--- Records shown ---
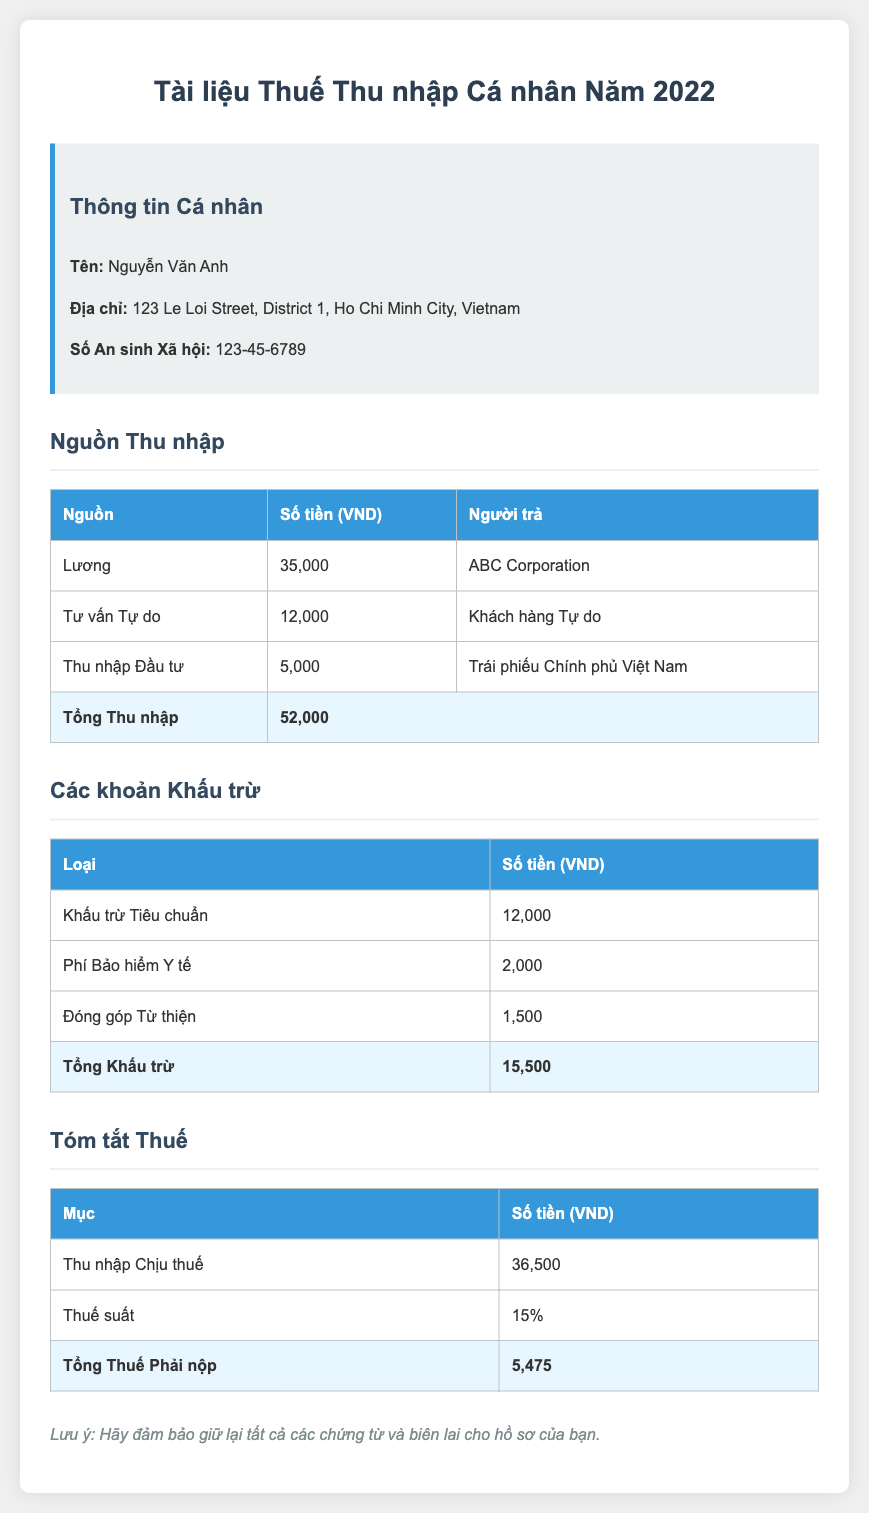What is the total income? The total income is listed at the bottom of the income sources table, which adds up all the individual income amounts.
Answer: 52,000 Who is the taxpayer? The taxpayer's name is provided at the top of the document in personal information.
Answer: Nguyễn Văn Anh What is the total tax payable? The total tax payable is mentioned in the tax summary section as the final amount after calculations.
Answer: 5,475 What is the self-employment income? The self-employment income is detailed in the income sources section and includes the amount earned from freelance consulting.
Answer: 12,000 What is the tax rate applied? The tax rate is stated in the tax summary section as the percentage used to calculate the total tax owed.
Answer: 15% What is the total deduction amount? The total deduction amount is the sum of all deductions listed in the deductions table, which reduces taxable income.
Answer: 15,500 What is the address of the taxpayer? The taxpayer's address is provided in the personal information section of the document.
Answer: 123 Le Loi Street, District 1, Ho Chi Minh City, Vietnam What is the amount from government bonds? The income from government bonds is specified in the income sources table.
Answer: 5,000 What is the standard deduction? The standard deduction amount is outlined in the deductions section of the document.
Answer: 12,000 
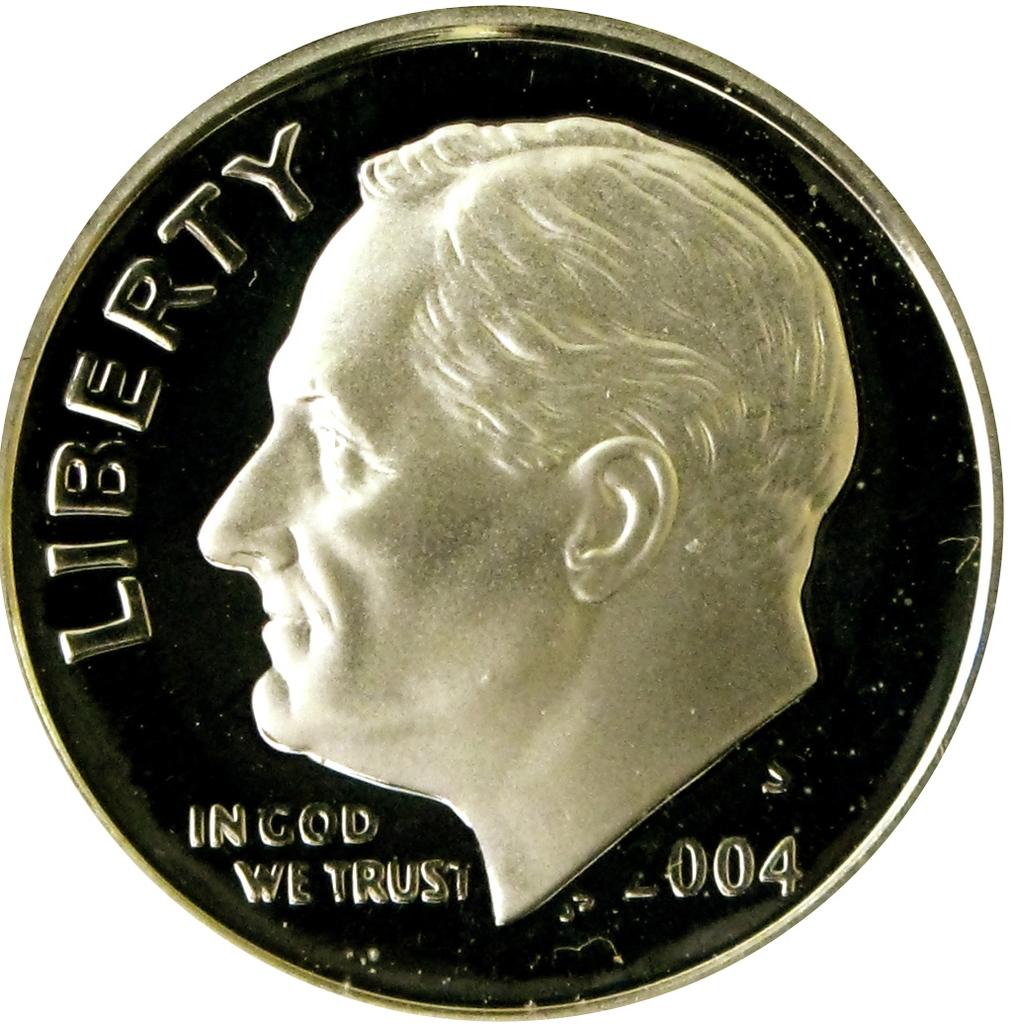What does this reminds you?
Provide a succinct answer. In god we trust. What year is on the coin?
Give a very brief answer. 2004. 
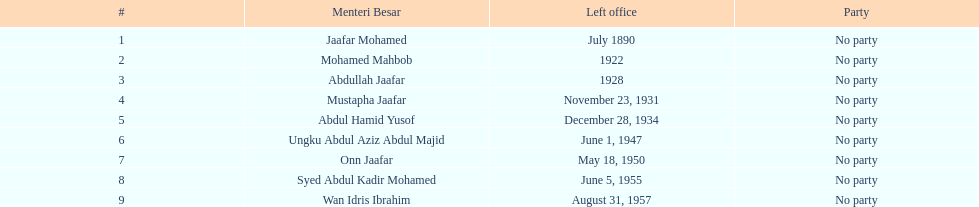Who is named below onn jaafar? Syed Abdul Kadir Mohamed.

--- What you are asked to do ---
The line that contains "Answer: 5,000 What" begins the part to retype, and the last line of the records above ends it. Retype both and everything between, exactly, without the pictures.

--- Answer box ---
Answer: 5,000 What is the standard deduction? The standard deduction amount is outlined in the deductions section of the document.
Answer: 12,000 
What does this reminds you?
Provide a succinct answer. In god we trust. What year is on the coin?
Give a very brief answer. 2004. 
Who is named below onn jaafar? Syed Abdul Kadir Mohamed.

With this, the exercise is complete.